You could see China’s so-called trust plan as Orwell’s 1984 meets Pavlov’s dogs. Act like a good citizen, be rewarded and be made to think you’re having fun. It’s worth remembering, however, that personal scoring systems have been present in the west for decades.

More than 70 years ago, two men called Bill Fair and Earl Isaac invented credit scores. Today, companies use FICO scores to determine many financial decisions, including the interest rate on our mortgage or whether we should be given a loan.

For the majority of Chinese people, they have never had credit scores and so they can’t get credit. “Many people don’t own houses, cars or credit cards in China, so that kind of information isn’t available to measure,” explains Wen Quan, an influential blogger who writes about technology and finance. “The central bank has the financial data from 800 million people, but only 320 million have a traditional credit history.” According to the Chinese Ministry of Commerce, the annual economic loss caused by lack of credit information is more than 600 billion yuan (£68bn).

China’s lack of a national credit system is why the government is adamant that Citizen Scores are long overdue and badly needed to fix what they refer to as a “trust deficit”. In a poorly regulated market, the sale of counterfeit and substandard products is a massive problem. According to the Organization for Economic Co-operation and Development (OECD), 63 per cent of all fake goods, from watches to handbags to baby food, originate from China. “The level of micro corruption is enormous,” Creemers says. “So if this particular scheme results in more effective oversight and accountability, it will likely be warmly welcomed.”

The government also argues that the system is a way to bring in those people left out of traditional credit systems, such as students and low-income households. Professor Wang Shuqin from the Office of Philosophy and Social Science at Capital Normal University in China recently won the bid to help the government develop the system that she refers to as “China’s Social Faithful System”. Without such a mechanism, doing business in China is risky, she stresses, as about half of the signed contracts are not kept. “Given the speed of the digital economy it’s crucial that people can quickly verify each other’s credit worthiness,” she says. “The behaviour of the majority is determined by their world of thoughts.

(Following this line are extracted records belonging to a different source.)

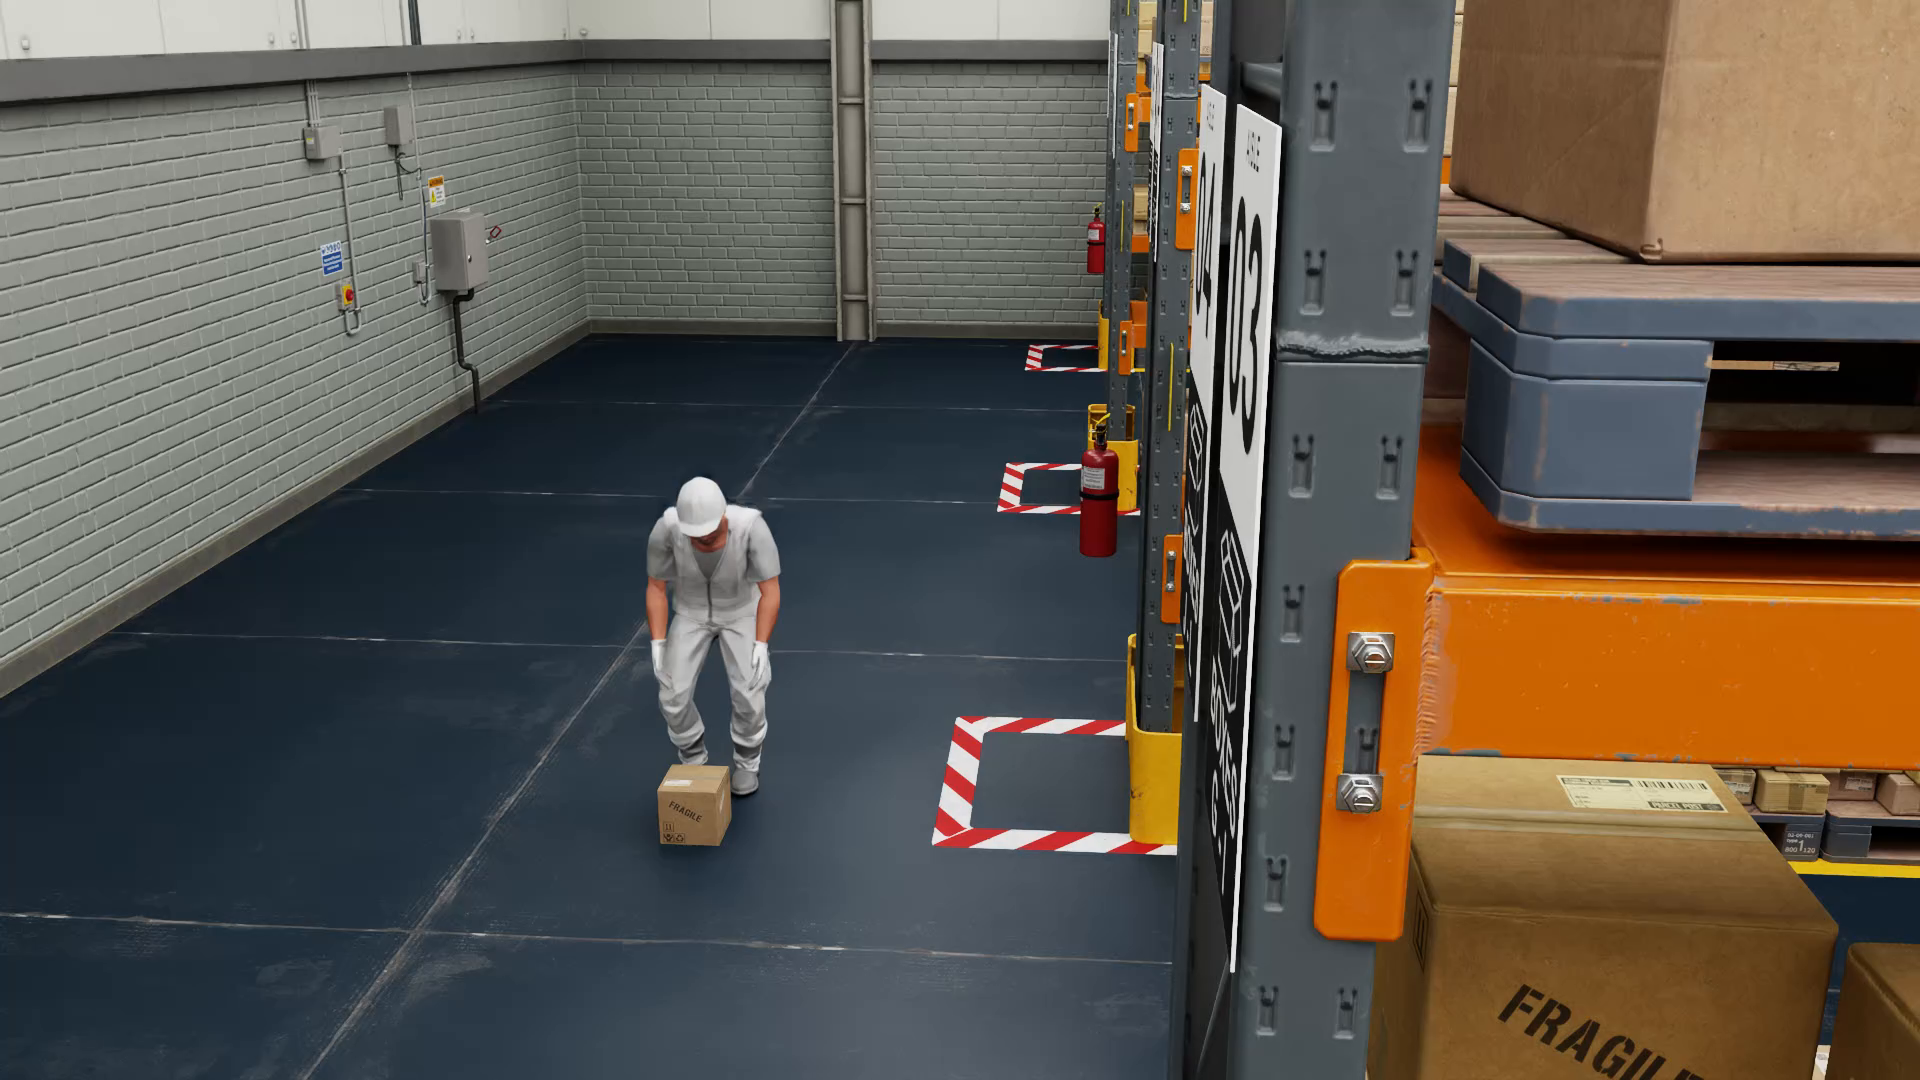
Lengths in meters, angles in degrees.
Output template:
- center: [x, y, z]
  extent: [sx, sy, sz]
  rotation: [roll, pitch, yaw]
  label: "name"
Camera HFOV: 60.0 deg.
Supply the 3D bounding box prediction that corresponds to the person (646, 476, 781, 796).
- center: [-1.049, 0.397, 7.219]
  extent: [0.581, 1.500, 0.711]
  rotation: [1, 17, 4]
  label: "person"
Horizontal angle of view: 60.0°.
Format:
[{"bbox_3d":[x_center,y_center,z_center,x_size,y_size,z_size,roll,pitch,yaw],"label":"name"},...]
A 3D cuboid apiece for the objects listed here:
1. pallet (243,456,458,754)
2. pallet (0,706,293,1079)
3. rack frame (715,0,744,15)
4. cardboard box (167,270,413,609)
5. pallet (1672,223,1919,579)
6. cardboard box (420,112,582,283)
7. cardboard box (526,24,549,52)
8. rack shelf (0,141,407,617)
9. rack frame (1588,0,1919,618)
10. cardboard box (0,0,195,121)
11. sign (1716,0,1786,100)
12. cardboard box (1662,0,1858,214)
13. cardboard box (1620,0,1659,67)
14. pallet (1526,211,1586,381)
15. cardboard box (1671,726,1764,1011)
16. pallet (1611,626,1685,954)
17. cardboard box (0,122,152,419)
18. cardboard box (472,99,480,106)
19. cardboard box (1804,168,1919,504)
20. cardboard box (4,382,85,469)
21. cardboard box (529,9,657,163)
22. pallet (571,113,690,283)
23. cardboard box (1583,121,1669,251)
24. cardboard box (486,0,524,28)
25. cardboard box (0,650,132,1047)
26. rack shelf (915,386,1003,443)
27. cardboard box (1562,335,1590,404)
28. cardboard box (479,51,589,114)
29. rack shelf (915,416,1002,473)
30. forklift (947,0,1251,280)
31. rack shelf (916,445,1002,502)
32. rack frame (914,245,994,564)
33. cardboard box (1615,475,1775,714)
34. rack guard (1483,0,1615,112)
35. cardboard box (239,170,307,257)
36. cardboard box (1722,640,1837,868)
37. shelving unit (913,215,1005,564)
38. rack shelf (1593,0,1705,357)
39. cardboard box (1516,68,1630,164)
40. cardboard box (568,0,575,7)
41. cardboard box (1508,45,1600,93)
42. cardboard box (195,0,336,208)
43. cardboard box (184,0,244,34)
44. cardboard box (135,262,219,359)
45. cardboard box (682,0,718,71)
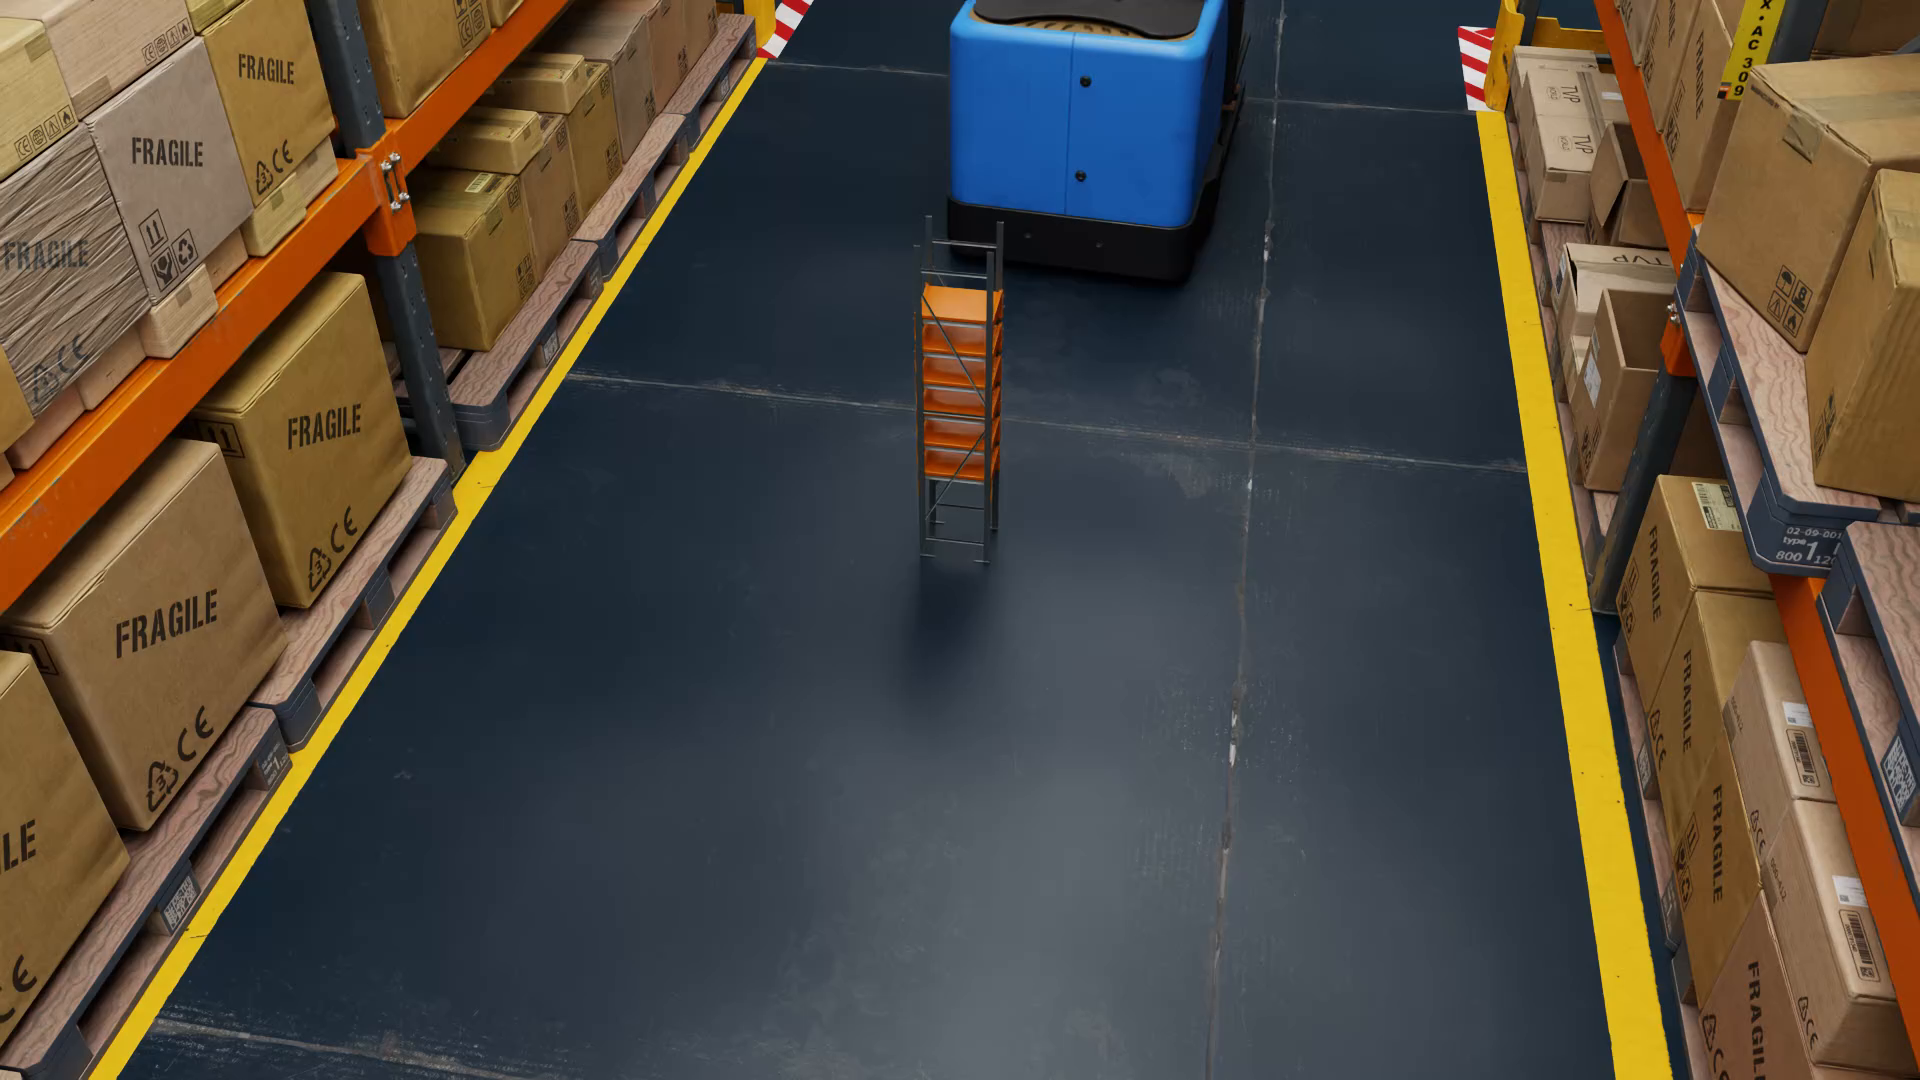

A person who believes in socialist core values is behaving more decently.” She regards the “moral standards” the system assesses, as well as financial data, as a bonus.

Indeed, the State Council’s aim is to raise the “honest mentality and credit levels of the entire society” in order to improve “the overall competitiveness of the country”. Is it possible that the SCS is in fact a more desirably transparent approach to surveillance in a country that has a long history of watching its citizens? “As a Chinese person, knowing that everything I do online is being tracked, would I rather be aware of the details of what is being monitored and use this information to teach myself how to abide by the rules?” says Rasul Majid, a Chinese blogger based in Shanghai who writes about behavioural design and gaming psychology. “Or would I rather live in ignorance and hope/wish/dream that personal privacy still exists and that our ruling bodies respect us enough not to take advantage?” Put simply, Majid thinks the system gives him a tiny bit more control over his data.

Kevin Hong

When I tell westerners about the Social CreditSystem in China, their responses are fervent and visceral. Yet we already rate restaurants, movies, books and even doctors. Facebook, meanwhile, is now capable of identifying you in pictures without seeing your face; it only needs your clothes, hair and body type to tag you in an image with 83 per cent accuracy.

In 2015, the OECD published a study revealing that in the US there are at least 24.9 connected devices per 100 inhabitants. All kinds of companies scrutinise the “big data” emitted from these devices to understand our lives and desires, and to predict our actions in ways that we couldn’t even predict ourselves.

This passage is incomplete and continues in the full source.